Today, through Delta Creative Group, she advises on the intersection of growth, fiduciary responsibility, and operational design, helping ensure that as platforms evolve, they do so with clarity and integrity.
At the core of Griman’s work is a distinct superpower: communication. The ability to ask the right questions, bring alignment to complex dynamics and guide leaders through decisions that often sit at the intersection of strategy, structure, and human behavior. In this conversation, we explore her journey, what she’s learned from operating at scale, and how she’s thinking about the next chapter, both for the industry and for herself.
Q: You spent more than three decades in senior leadership roles within major institutions, including serving as Global President of BMO Family Office. What ultimately inspired your decision to step out of the corporate world and into entrepreneurship?

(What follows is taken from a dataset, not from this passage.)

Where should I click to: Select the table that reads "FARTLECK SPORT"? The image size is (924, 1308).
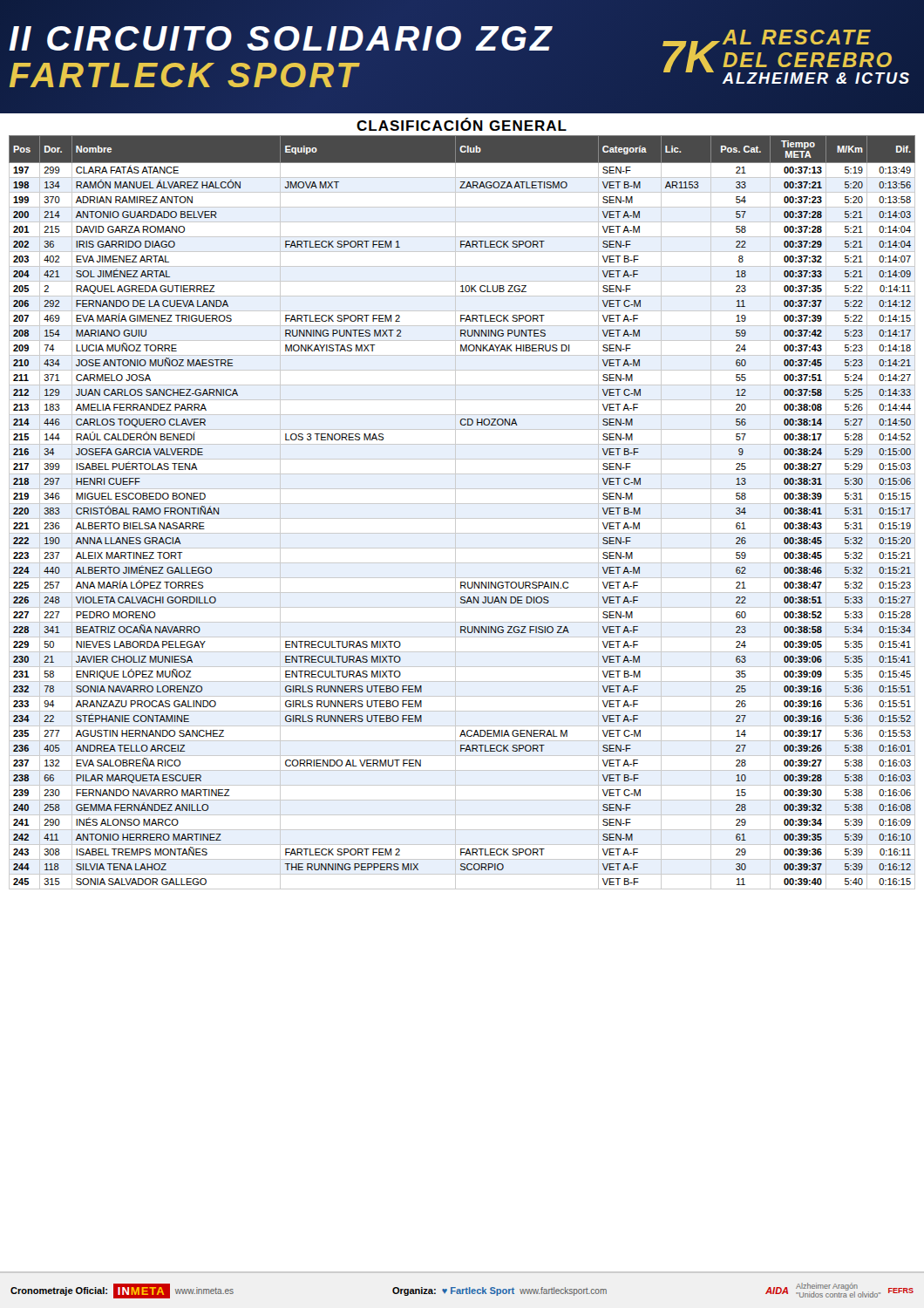coord(462,512)

A: The decision wasn’t about leaving something behind. It was about stepping closer to the work I found most necessary—and most underserved.
Over the course of my career, particularly in the family office space, I was consistently drawn into situations where the challenge wasn’t technical. The plans were sound, the structures were in place, and the advisors were highly capable. But something wasn’t holding.

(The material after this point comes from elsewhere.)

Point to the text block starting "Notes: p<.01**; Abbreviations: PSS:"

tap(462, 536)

What I saw, repeatedly, was that the real work sat in the gaps—between advisors, within families, across governance structures, and over time. That’s where complexity lives, and it’s where most traditional models begin to show their limits.
Large institutions are highly effective at delivering expertise within defined domains. But many of the challenges families face today require a more integrated approach—one that addresses how structure, people, and decision-making interact over time.
I was working on bringing this focus to clients and there was an inflection point where I could decide to focus on this “real work” more directly working with greater precision and flexibility, and engaging where alignment, clarity, and trust are critical to long-term success.
Delta Creative Group came from that shift.
Q: Leaving an established leadership position can be both liberating and uncertain. What surprised you most about this transition professionally and personally?
A: What surprised me most was not the uncertainty—it was the clarity.
In an institutional setting, even at the highest levels, your role is shaped by the structure around you. There are defined priorities, constraints, and ways of operating. You’re effective within that system, but you’re still operating inside it. Stepping out of that environment removed a layer of noise I didn’t fully appreciate was there.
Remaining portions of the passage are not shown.